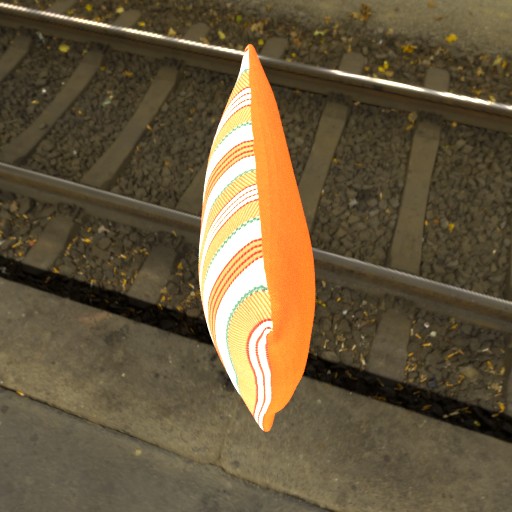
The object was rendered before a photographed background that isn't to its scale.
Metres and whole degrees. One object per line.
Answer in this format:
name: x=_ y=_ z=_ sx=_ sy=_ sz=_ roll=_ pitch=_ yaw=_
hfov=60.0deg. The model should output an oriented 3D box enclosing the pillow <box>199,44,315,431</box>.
pillow: x=0.000 y=0.000 z=0.685 sx=0.182 sy=0.441 sz=0.440 roll=-2 pitch=58 yaw=-2
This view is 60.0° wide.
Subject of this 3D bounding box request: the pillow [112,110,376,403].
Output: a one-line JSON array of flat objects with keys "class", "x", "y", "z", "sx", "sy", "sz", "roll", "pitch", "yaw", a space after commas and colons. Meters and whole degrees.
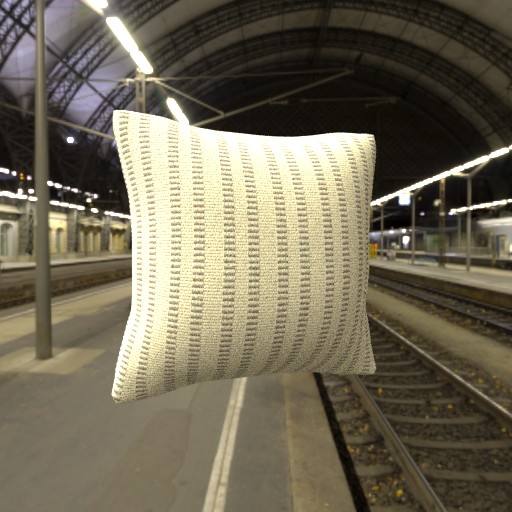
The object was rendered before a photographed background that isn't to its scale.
[{"class": "pillow", "x": 0.000, "y": 0.000, "z": 0.702, "sx": 0.438, "sy": 0.419, "sz": 0.247, "roll": -1, "pitch": 2, "yaw": -19}]
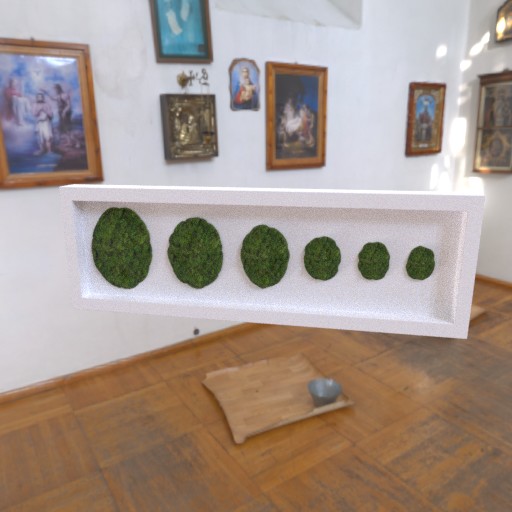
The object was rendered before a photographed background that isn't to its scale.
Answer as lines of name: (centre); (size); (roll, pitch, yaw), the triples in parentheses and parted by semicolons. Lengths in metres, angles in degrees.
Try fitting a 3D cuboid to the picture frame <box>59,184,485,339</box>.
picture frame: (0.000, 0.000, 0.835); (0.759, 0.250, 0.050); (3, 15, 11)
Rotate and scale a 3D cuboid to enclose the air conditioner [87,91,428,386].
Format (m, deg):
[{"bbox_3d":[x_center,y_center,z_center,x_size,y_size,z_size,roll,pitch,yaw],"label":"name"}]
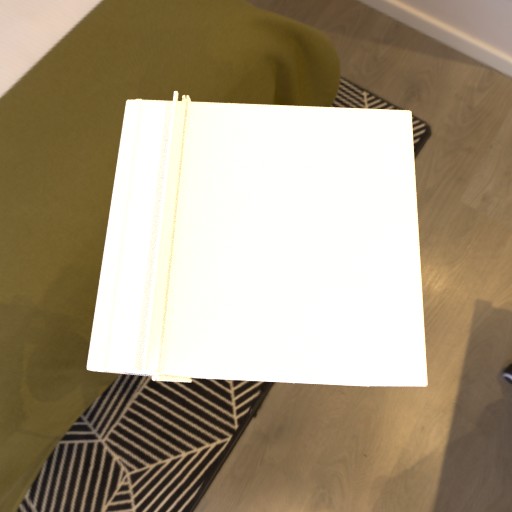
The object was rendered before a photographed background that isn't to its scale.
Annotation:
[{"bbox_3d":[0.000,0.000,0.898,0.546,0.388,0.503,3,74,1],"label":"air conditioner"}]

### What you are asked to do
Nothing but the lines above from the one containing "name: x=_ y=_" through the one containing "Subject of this" should appear in the answer, each repeated exactly.

### Response below
name: x=_ y=_ z=_ sx=_ sy=_ sz=_ roll=_ pitch=_ yaw=_
hfov=60.0deg. The model should output an oriented 3D box enclosing the pillow <box>199,44,315,431</box>.
pillow: x=0.000 y=0.000 z=0.685 sx=0.182 sy=0.441 sz=0.440 roll=-2 pitch=58 yaw=-2
This view is 60.0° wide.
Subject of this 3D bounding box request: the pillow [112,110,376,403].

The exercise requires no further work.